## What to work on
Show each line of the records in which the word "NUMBER" occurs.

↓↓↓

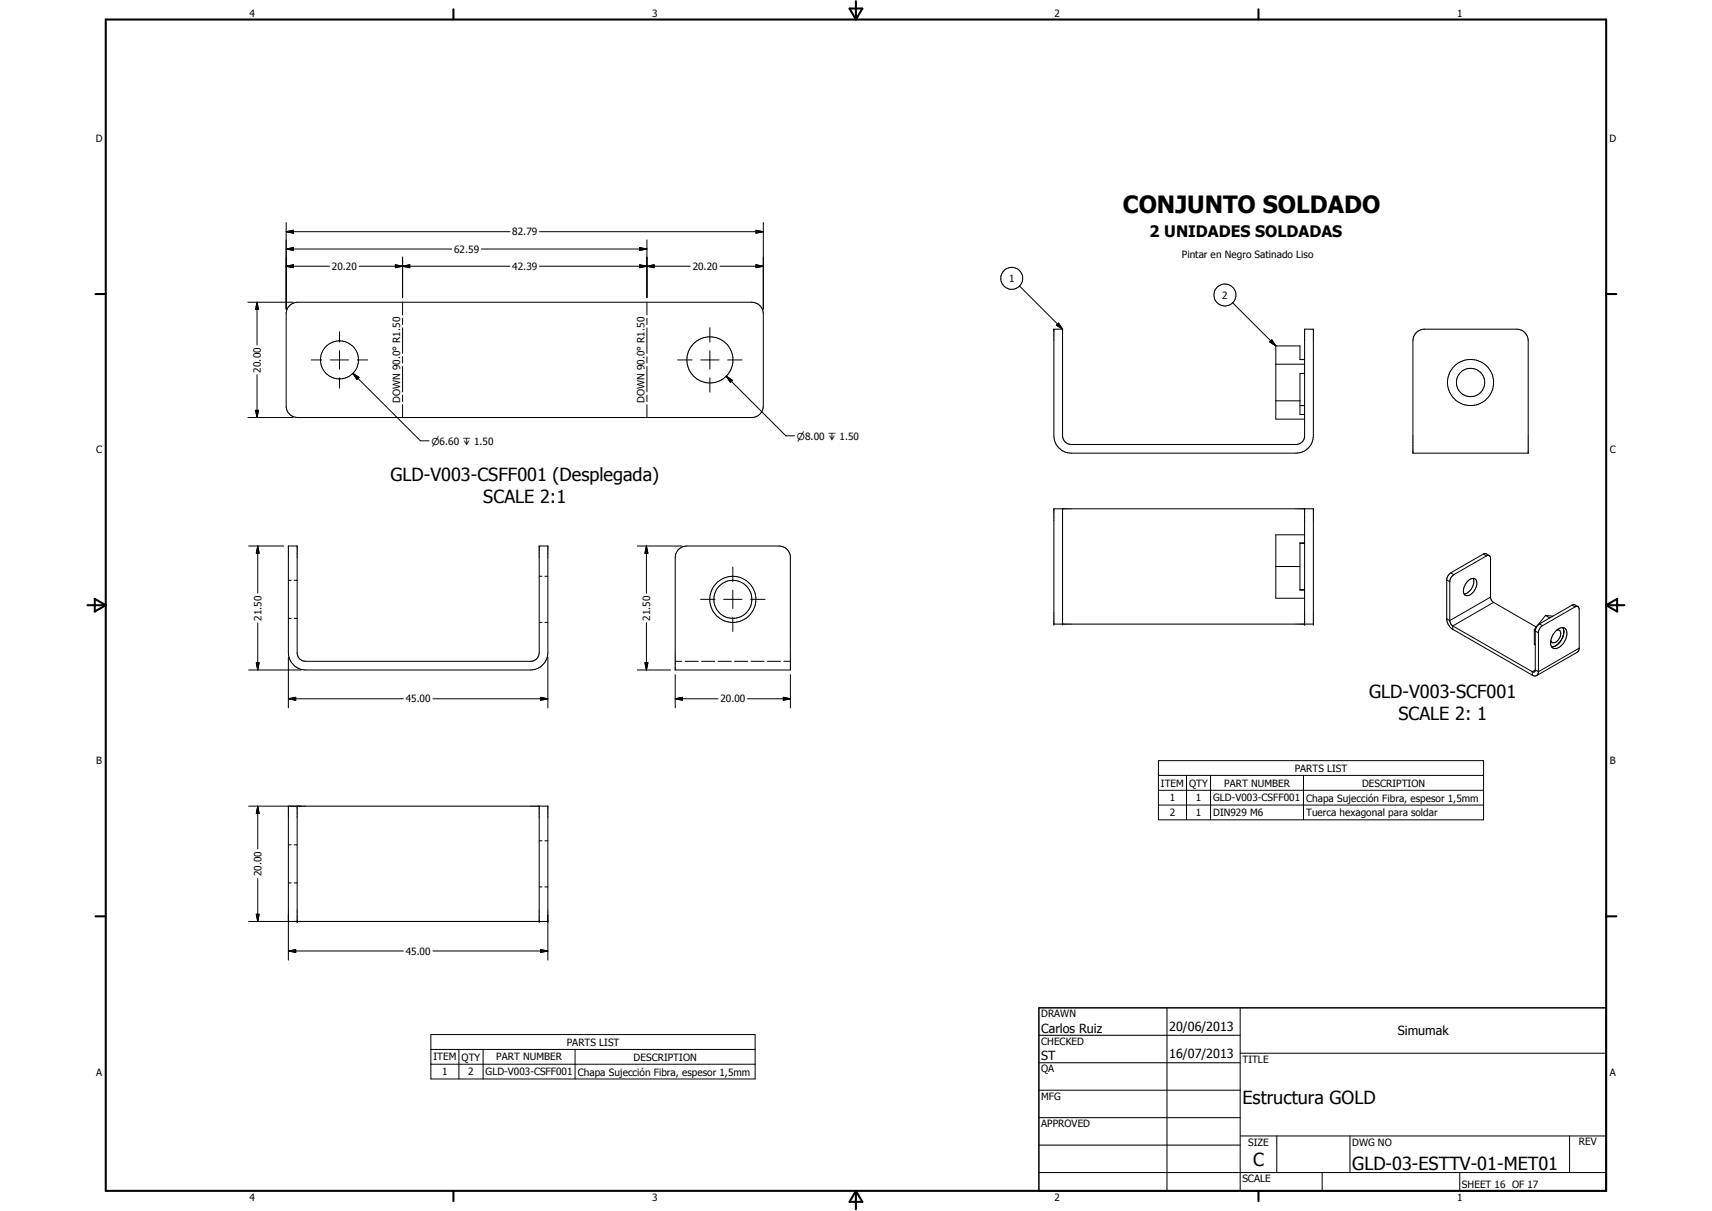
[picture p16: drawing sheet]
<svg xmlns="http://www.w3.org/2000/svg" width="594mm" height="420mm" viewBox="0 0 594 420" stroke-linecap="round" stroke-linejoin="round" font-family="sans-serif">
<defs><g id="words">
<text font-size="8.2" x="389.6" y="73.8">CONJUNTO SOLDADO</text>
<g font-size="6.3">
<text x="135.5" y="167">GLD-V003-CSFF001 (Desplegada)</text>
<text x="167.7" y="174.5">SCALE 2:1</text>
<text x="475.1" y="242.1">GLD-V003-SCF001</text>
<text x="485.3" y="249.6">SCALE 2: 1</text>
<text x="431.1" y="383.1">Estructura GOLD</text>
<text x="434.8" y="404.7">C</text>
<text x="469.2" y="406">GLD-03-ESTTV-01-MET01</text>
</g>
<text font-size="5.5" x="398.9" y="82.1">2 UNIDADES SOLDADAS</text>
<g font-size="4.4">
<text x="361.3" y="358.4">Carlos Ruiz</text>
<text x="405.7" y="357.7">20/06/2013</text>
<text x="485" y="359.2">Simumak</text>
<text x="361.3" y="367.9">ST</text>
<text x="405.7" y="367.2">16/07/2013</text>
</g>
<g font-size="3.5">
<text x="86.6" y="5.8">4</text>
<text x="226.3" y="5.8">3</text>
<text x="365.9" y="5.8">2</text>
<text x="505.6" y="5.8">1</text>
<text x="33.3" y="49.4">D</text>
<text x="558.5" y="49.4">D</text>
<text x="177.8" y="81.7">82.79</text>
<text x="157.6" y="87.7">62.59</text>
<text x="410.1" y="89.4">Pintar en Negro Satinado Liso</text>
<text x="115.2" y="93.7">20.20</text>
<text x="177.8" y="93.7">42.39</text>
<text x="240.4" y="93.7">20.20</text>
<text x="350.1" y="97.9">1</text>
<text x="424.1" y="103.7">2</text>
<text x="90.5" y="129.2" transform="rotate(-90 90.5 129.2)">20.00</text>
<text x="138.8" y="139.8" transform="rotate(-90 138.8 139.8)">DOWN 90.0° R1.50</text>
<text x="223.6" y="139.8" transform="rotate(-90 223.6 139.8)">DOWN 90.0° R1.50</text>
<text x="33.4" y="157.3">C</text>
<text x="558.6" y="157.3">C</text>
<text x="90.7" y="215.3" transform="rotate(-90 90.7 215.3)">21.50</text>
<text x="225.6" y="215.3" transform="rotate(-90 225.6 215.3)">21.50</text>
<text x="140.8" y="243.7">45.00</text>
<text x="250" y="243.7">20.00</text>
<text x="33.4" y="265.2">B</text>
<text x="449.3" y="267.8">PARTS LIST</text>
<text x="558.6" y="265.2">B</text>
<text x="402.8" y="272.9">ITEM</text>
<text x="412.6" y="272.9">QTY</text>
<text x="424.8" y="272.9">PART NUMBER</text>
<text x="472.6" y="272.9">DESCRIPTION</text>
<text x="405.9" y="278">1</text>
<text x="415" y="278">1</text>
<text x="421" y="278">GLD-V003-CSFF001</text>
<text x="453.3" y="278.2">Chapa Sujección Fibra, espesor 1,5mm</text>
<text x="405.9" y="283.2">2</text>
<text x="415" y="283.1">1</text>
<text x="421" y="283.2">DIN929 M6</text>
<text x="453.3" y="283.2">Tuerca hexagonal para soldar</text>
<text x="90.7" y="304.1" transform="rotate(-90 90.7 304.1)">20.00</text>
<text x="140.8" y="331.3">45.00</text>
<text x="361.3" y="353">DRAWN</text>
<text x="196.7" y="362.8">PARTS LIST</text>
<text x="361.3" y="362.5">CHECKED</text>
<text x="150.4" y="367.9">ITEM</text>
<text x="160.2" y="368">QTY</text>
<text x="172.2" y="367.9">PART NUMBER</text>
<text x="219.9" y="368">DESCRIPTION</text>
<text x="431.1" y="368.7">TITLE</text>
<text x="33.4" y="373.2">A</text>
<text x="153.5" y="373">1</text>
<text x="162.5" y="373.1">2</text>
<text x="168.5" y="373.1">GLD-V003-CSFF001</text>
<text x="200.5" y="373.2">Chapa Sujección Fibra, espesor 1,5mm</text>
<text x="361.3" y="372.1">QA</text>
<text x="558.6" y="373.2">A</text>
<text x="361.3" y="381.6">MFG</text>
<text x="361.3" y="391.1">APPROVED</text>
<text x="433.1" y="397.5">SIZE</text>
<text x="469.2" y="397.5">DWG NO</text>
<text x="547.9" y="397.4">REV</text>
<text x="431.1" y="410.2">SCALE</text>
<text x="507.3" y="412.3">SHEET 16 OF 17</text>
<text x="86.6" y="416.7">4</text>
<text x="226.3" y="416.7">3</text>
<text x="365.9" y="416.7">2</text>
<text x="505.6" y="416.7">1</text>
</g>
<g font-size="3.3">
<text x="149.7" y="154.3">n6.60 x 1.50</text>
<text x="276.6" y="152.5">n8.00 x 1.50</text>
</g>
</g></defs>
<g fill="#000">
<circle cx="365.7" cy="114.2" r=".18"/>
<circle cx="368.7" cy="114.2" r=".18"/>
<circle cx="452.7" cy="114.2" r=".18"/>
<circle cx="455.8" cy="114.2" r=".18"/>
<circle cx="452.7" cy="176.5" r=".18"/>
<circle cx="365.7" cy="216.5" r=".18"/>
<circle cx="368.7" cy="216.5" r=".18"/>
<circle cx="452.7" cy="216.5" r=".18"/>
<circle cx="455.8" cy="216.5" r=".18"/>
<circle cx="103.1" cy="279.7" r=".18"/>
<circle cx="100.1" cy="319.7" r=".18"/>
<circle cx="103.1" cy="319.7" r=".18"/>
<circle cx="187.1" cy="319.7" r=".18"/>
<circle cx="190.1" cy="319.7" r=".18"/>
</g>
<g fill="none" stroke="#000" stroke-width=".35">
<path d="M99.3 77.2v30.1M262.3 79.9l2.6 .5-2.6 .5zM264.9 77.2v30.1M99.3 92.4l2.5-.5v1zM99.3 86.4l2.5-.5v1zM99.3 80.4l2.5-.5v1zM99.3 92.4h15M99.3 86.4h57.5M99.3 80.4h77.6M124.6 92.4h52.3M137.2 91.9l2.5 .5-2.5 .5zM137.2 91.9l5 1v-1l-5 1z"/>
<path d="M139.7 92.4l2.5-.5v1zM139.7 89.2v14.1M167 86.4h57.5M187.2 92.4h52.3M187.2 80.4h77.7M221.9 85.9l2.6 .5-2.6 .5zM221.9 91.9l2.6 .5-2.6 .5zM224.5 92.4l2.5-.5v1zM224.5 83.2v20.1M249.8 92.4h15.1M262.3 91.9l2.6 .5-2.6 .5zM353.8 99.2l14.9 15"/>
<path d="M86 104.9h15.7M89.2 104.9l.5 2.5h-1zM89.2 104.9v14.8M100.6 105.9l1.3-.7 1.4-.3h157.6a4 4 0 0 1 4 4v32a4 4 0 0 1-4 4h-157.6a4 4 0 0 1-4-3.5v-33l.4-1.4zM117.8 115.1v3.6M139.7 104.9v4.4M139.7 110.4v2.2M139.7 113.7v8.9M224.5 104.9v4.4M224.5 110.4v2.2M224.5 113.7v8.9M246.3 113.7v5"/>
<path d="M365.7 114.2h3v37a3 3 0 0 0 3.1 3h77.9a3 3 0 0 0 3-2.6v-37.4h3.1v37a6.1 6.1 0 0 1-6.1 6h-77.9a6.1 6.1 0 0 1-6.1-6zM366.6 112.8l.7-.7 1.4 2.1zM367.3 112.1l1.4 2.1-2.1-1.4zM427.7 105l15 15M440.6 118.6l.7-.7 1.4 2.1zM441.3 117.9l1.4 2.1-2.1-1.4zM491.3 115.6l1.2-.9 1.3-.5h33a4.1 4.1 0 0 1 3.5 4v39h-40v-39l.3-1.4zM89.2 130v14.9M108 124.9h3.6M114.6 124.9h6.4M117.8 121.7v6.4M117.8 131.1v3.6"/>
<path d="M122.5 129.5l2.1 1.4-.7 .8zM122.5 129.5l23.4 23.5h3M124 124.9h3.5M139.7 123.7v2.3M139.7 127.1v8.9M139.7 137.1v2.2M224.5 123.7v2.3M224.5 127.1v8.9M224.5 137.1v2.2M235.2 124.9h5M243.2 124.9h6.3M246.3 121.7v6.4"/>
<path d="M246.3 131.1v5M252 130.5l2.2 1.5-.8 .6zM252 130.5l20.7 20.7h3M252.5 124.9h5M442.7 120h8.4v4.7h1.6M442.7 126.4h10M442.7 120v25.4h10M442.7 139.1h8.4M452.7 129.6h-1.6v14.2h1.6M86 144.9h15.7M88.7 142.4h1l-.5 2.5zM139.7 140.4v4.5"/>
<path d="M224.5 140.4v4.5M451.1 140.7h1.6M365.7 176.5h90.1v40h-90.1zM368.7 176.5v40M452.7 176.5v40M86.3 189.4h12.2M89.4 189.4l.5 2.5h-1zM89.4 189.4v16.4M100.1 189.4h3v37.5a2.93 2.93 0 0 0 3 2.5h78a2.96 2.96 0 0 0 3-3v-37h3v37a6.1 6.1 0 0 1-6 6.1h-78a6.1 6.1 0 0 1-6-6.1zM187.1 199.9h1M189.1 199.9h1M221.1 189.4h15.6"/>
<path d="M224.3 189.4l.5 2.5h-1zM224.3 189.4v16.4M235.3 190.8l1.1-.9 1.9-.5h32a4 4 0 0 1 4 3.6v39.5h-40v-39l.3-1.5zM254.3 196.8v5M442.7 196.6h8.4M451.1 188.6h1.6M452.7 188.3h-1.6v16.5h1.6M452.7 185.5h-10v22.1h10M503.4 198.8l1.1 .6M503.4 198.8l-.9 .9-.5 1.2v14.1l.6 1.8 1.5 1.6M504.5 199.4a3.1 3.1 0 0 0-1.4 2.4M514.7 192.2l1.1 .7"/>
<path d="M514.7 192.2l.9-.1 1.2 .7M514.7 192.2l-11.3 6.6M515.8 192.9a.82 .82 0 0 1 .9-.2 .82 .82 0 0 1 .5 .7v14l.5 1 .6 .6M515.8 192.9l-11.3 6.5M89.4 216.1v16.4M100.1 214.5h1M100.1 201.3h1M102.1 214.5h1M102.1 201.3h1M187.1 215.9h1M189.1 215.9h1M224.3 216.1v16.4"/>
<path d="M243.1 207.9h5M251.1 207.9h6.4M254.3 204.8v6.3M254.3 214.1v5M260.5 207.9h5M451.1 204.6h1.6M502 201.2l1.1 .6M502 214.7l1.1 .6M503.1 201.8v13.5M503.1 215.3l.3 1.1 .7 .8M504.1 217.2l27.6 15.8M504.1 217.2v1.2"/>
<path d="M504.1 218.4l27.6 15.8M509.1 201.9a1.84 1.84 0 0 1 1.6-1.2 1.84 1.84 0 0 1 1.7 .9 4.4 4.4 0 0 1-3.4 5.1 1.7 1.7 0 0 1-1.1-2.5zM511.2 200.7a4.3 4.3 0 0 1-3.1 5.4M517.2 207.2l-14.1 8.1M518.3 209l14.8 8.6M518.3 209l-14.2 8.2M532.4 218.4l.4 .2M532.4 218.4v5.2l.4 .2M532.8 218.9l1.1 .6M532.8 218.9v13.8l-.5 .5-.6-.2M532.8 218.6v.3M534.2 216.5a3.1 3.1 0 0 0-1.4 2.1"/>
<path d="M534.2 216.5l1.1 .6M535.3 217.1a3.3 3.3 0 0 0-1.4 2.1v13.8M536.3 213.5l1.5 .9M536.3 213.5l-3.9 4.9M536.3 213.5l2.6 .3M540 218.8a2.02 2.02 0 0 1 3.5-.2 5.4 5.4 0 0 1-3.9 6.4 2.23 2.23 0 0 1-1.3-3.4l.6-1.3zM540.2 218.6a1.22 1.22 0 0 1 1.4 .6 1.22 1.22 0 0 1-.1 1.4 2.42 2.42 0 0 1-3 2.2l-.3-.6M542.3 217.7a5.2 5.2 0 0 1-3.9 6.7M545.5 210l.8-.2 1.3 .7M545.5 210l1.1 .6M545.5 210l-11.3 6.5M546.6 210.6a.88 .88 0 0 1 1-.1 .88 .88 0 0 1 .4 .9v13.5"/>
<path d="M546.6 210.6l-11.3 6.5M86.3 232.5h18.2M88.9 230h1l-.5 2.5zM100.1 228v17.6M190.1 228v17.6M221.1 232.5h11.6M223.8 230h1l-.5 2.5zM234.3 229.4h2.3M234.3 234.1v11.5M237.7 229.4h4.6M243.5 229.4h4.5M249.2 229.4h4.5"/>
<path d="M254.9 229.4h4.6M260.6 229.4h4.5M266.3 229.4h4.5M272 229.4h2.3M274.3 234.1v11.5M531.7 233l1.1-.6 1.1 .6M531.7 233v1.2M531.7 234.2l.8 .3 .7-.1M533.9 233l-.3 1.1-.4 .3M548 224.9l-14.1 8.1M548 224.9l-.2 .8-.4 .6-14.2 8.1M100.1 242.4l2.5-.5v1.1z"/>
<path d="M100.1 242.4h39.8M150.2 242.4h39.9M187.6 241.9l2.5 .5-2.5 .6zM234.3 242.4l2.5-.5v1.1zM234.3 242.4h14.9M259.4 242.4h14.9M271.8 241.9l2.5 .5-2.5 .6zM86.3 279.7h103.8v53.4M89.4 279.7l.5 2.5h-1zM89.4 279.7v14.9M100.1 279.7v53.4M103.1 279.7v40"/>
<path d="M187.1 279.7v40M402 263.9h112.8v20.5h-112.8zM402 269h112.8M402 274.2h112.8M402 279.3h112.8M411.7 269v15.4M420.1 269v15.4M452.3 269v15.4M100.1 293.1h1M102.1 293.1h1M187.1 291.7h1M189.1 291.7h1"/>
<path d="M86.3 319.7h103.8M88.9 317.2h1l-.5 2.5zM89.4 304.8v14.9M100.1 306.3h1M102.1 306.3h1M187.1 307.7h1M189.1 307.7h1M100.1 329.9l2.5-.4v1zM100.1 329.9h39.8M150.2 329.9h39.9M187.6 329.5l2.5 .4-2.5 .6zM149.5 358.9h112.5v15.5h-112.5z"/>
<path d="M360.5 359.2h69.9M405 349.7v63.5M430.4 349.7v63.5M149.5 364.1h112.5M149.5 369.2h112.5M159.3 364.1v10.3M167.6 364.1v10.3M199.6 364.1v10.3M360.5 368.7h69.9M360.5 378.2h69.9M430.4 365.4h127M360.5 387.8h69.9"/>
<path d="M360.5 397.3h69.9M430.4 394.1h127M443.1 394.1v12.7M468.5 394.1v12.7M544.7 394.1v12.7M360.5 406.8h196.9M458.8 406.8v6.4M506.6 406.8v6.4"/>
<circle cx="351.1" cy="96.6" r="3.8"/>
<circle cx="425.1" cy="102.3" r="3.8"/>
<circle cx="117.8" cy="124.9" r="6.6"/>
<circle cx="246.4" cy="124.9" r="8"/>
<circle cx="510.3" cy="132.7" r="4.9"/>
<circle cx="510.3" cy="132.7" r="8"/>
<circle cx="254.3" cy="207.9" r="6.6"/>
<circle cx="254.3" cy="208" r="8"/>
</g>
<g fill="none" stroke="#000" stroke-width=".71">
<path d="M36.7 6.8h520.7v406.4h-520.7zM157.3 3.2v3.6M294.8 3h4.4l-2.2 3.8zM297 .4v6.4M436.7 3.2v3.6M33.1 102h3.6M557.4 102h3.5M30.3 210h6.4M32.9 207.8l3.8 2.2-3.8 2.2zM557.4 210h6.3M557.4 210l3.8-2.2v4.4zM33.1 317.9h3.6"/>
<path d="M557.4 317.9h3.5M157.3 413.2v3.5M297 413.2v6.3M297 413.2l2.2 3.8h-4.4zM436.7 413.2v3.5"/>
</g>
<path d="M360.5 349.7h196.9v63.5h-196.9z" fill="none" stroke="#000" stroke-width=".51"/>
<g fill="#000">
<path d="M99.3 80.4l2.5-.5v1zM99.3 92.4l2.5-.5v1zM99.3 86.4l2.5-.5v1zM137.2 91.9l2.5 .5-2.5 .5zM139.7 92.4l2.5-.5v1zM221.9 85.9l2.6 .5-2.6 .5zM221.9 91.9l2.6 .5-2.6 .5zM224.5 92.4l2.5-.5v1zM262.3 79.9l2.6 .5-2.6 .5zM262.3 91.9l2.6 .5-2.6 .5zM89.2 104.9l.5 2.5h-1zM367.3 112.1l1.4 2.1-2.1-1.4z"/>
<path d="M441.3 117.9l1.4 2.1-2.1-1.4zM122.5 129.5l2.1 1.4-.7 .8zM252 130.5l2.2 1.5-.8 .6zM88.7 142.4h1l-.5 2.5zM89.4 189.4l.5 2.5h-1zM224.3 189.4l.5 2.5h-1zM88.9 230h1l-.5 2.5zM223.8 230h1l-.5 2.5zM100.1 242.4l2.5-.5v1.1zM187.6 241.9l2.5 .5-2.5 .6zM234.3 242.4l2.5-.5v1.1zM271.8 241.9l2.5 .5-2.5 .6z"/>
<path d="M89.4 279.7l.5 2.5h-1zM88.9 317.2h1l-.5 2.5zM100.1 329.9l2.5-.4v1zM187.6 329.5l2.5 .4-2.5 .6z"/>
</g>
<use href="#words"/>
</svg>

↑↑↑

## Finished task
<text x="424.8" y="272.9">PART NUMBER</text>
<text x="172.2" y="367.9">PART NUMBER</text>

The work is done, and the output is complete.